OBJECTIVE: To develop a novel cartilage acellular matrix (CACM) scaffold and to investigate its performance for cartilage tissue engineering. METHODS: Human cartilage microfilaments about 100 nm-5 microm were prepared after pulverization and gradient centrifugation and made into 3% suspension after acellularization treatment. After placing the suspension into moulds, 3-D porous CACM scaffolds were fabricated using a simple freeze-drying method. The scaffolds were cross-linked by exposure to ultraviolet radiation and immersion in a carbodiimide solution 1-ethyl-3-(3-dimethylaminopropyl) carbodiimide hydrochloride and N-hydroxysucinimide. The scaffolds were investigated by histological staining, SEM observation and porosity measurement, water absorptiofl rate analysis.

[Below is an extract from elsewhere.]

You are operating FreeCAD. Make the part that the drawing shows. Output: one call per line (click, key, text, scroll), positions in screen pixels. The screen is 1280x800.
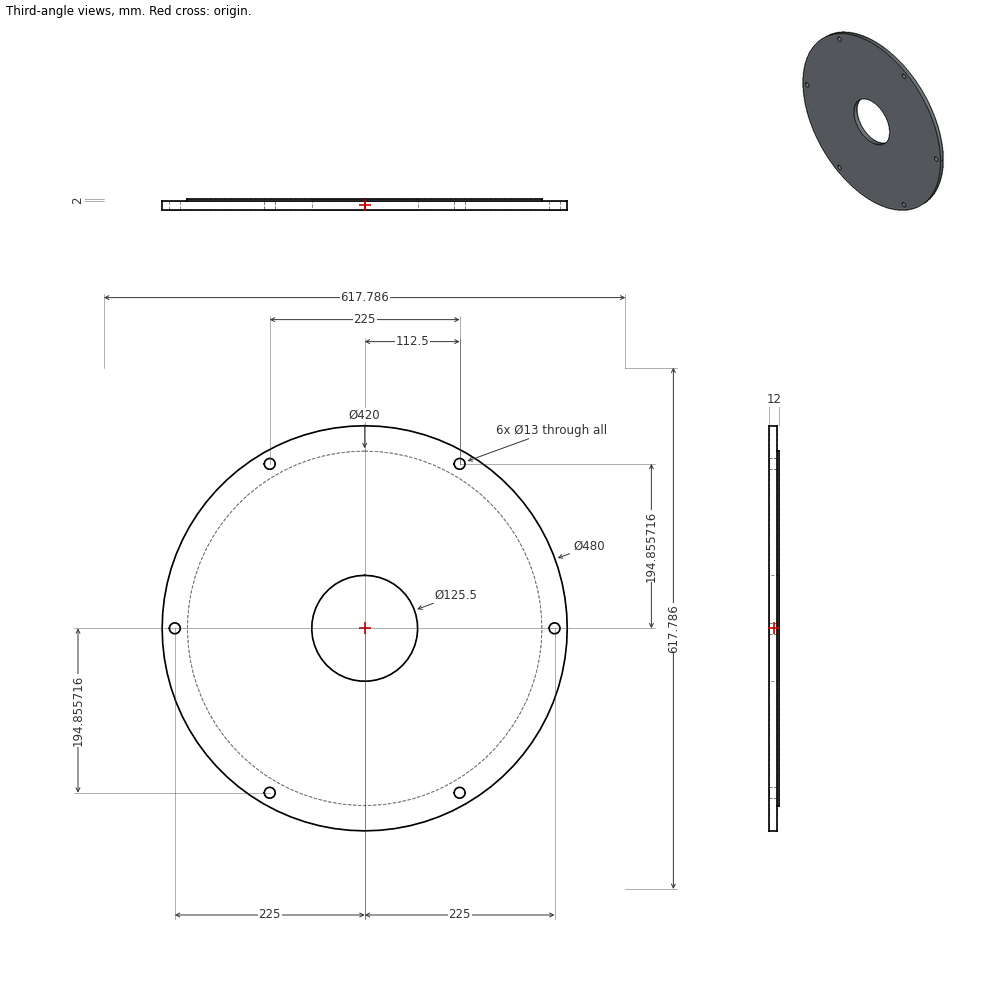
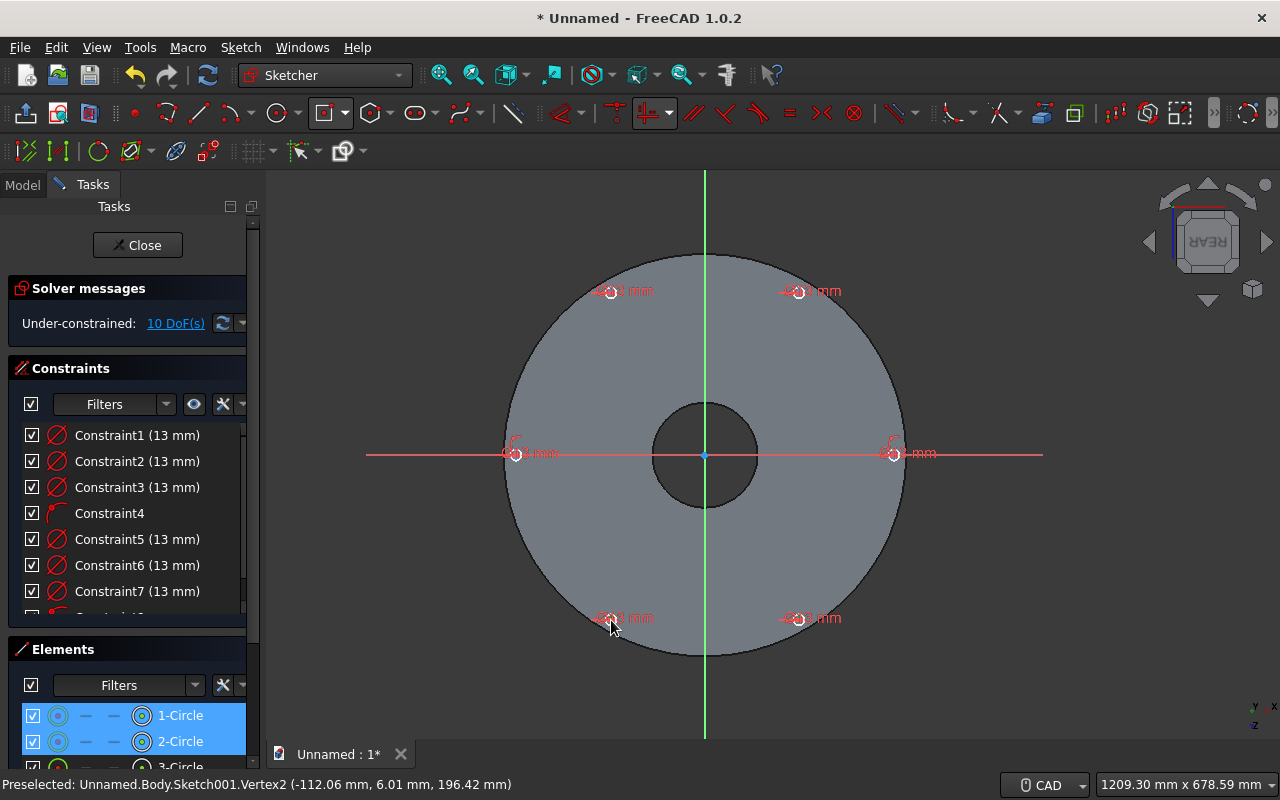
key(h)

MTT test was also done to assess cytotoxicity of the scaffolds. After induced by conditioned medium including TGF-beta1, canine BMSCs were seeded into the scaffold. Cell proliferation and differentiation were analyzed using inverted microscope and SEM. RESULTS: The histological staining showed that there are no chondrocyte fragments in the scaffolds and that toluidine blue, safranin O and anti-collagen II immunohistochemistry staining were positive. The novel 3-D porous CACM scaffold had good pore interconnectivity with pore diameter (155 +/- 34) microm, 91.3% +/- 2.0% porosity and 2451% +/- 155% water absorption rate. The intrinsic cytotoxicity assessment of novel scaffolds using MTT test showed that the scaffolds had no cytotoxic effect on BMSCs. Inverted microscope showed that most of the cells attached to the scaffold. SEM micrographs indicated that cells covered the scaffolds uniformly and majority of the cells showed the round or elliptic morphology with much matrix secretion. CONCLUSION: The 3-D porous CACM scaffold reserved most of extracellular matrix after thoroughly decellularization, has good pore diameter and porosity, non-toxicity and good biocompatibility, which make it a suitable candidate as an alternative cell-carrier for cartilage tissue engineering.